I guess so. I have to see the words. I don't remember them by sound. That's why I don't know German. I don't know. It's anyway a riff on the rope as a snake. You're going along and you see a snake and it turns out to only be a rope. So Xue Feng says, you know, all of you be very careful because there's a poisonous snake, a turtle-nosed poisonous snake around. Whoever it is throws down his staff and says, ah! So he borrows reality and imagines fright. And the point is, you can be free.

[30:04]

You don't have to exist in the world in ways that you're frightened. These are all simple things, but they help you adjust and fine-tune yourself. So two words you could use, can use, are maybe noticing and receiving. And a non-worded noticing and receiving. Ivan Illich, who was a good friend and a teacher of mine too, said the grammar of silence is much more complex than the grammar of speaking.

[31:09]

Ivan Illich, a good friend of mine and also a teacher, said that the grammar of silence is much more complex than the grammar of speaking. So there's a non-worded feeling, spatiality and patiality, you can begin to be sensitive to it. And you can kind of like motivate yourself by feeling, always noticing. And in Zen, you notice without looking around. Looking around is curiosity and thinking. You notice, but you don't look around. So noticing and receiving. and you just know that you're always in the process of noticing and always in the process of receiving and you just allow this receiving to happen and the sensitivities which receive begin to develop

[32:27]

Now, I said this object of the three buildings and the paths and the gardens is also one of the things that's transmitted.

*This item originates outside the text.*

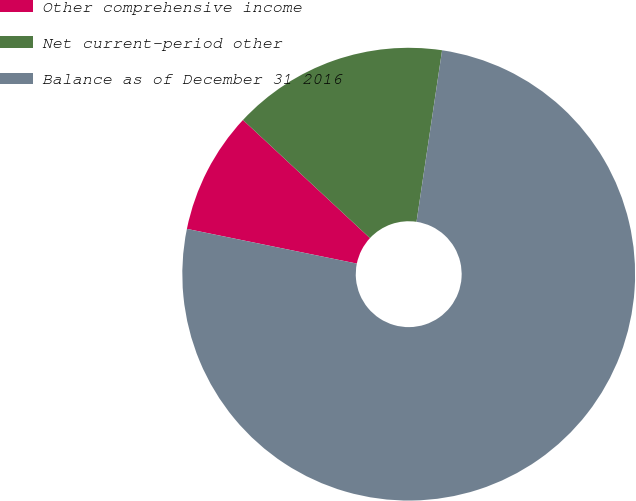Convert chart. <chart><loc_0><loc_0><loc_500><loc_500><pie_chart><fcel>Other comprehensive income<fcel>Net current-period other<fcel>Balance as of December 31 2016<nl><fcel>8.72%<fcel>15.43%<fcel>75.85%<nl></chart>

We want to establish this place as a location for realized practice. And I call it now more a Sangha center than a monastic center. Because most of you are not monks, for sure. But your adepts, so many of you are adept in practice, it's true. So we're a Sangha center which will be by some of us, by all of us, transmitted for others over the coming years and who knows how long, a place where they know there's realized practice.

[34:02]

A realisational practice. I know, when Yonetz first came into the other building there, I wanted to show him the building. We were thinking of whether we could get it or not towards this center. And as he walked in the door, he took one look and he said, buy it, buy it. And when he stepped through the door... When he stepped through the door, he looked around once and said at first glance, buy this, buy this.

[35:09]

I didn't have it. It was the most positive remark I had. Okay, okay. What did you say? Yeah, and so now we want to articulate this transactional immediacy as a place for Sangha practice. Now, if I say this, there's lots of questions. If it's a place for Sangha practice, Should we have ordinations and monks?

[36:23]

In what way are we a religion or are we a phenomenological practice center? What am I doing sitting here in these This costume. Yeah, I like it actually. It's kind of, you know, it's okay. But what are we doing? And should we have Tangario three days of sitting or more or whatever for practice period and even for anybody who comes to live here? How should we define what a Sangha practice center is? And define it so it can be transmitted to future generations. The concept of Maitreya Buddha is quite interesting.

[37:44]

The assumption that there will be a Buddha of the future means, yeah, let's take that into consideration. Diese Annahme, dass es da einen Buddha in der Zukunft geben wird, das bedeutet, ja, lasst uns das mit in Betracht ziehen. Wie sorgen wir dafür, dass das wahrscheinlich wird? Da brauchen wir die Hilfe voneinander. Vielen Dank.